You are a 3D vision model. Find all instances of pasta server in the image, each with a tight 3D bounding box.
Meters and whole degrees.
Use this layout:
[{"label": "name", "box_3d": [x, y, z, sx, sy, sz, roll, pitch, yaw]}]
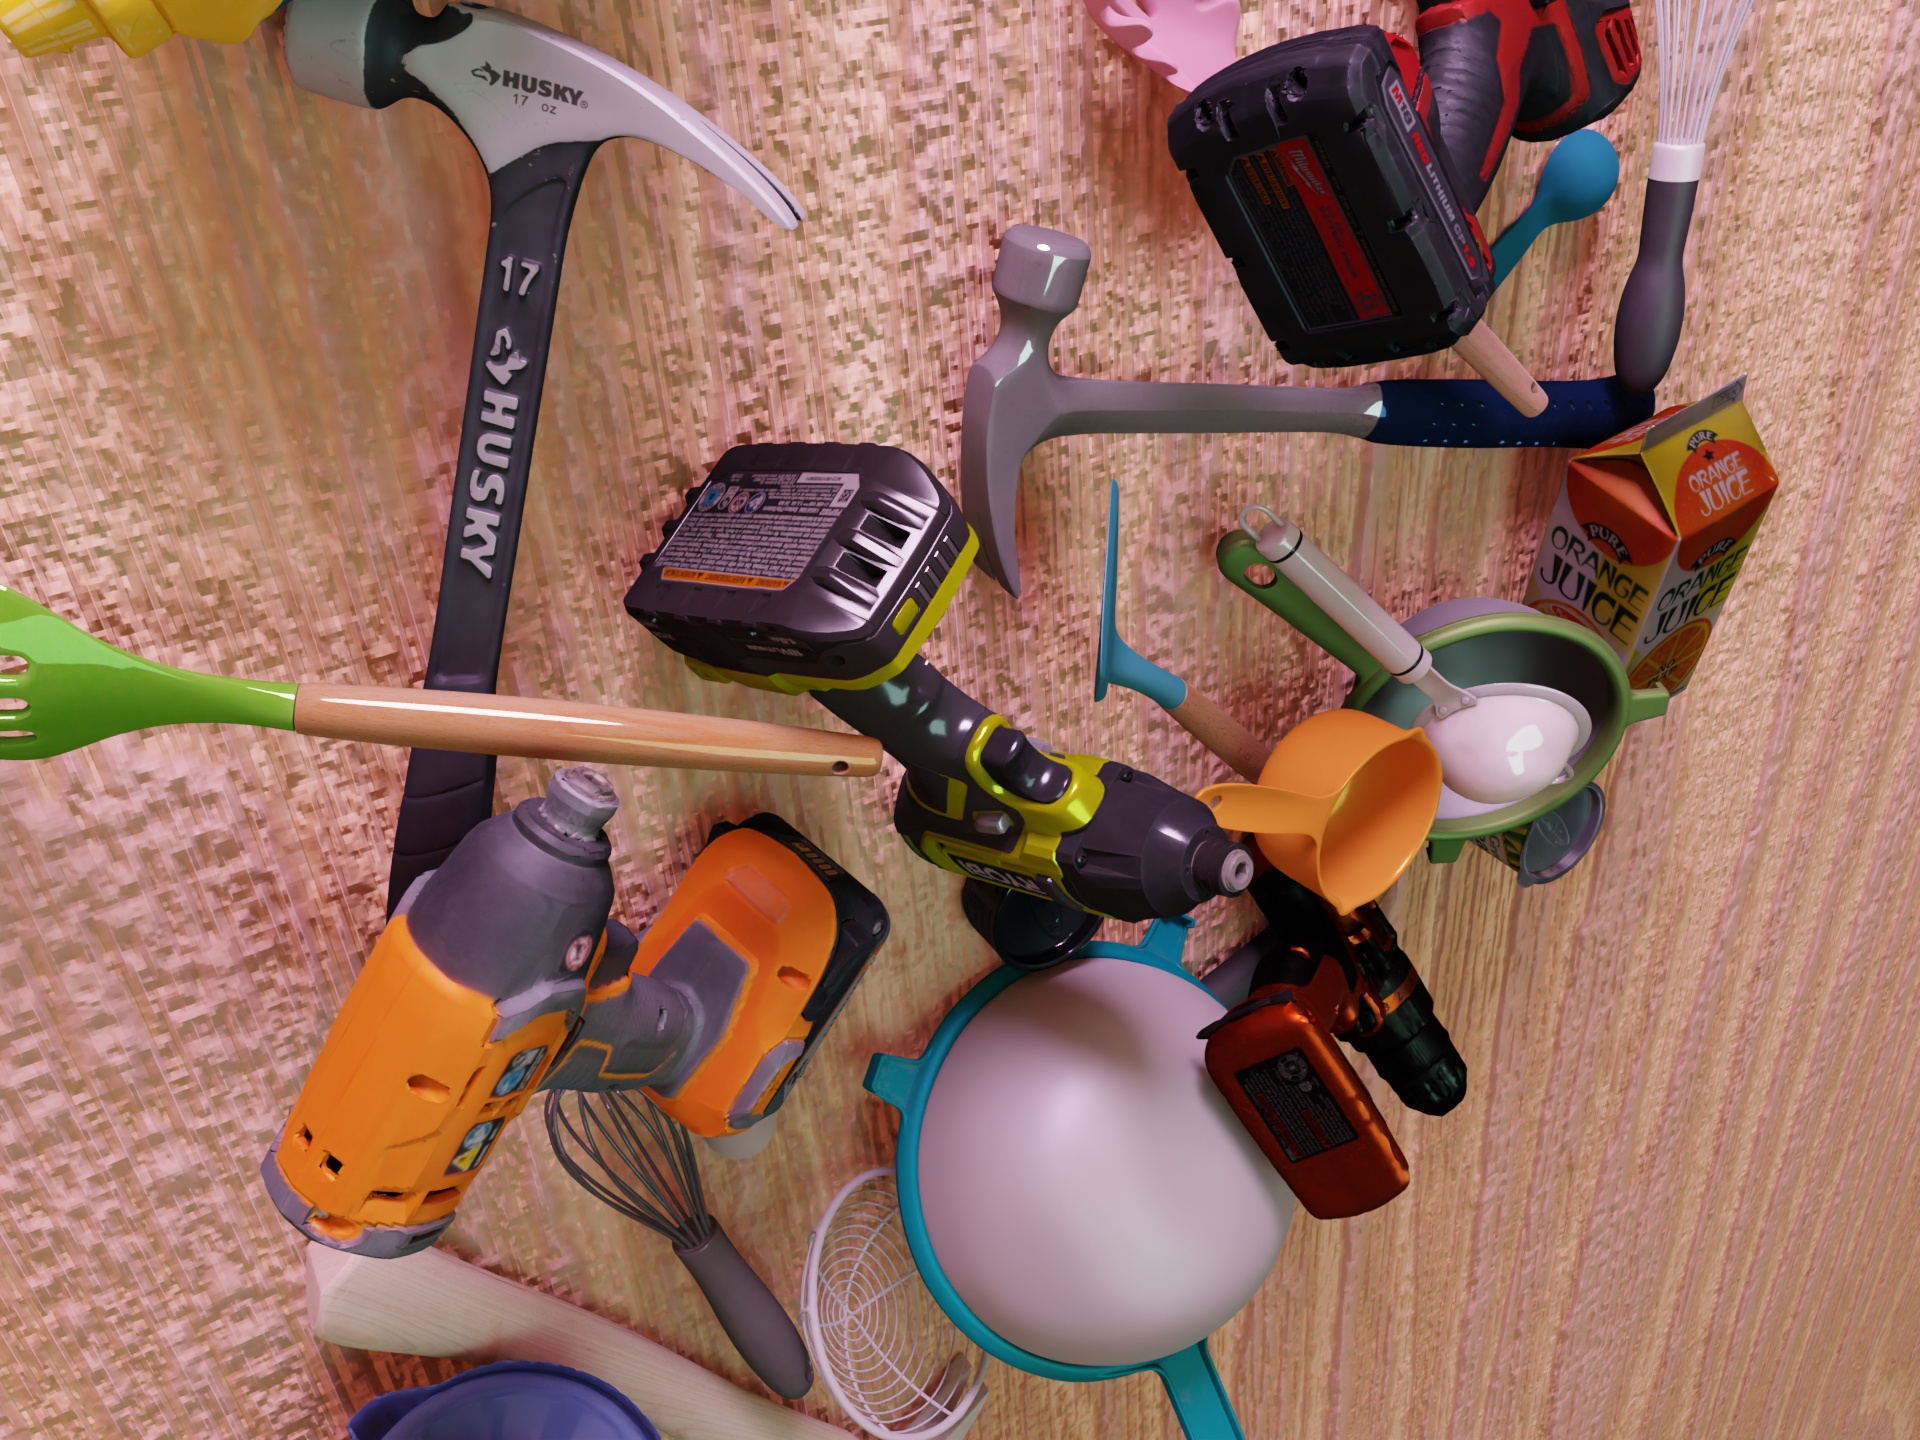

## PROMPT
Only the lines from the one containing "Meters and whole degrees." through the last line of the data above, both included, belong in the reply, each restated exactly and without pictures.

## RESPONSE TO THE TASK
Meters and whole degrees.
Use this layout:
[{"label": "name", "box_3d": [x, y, z, sx, sy, sz, roll, pitch, yaw]}]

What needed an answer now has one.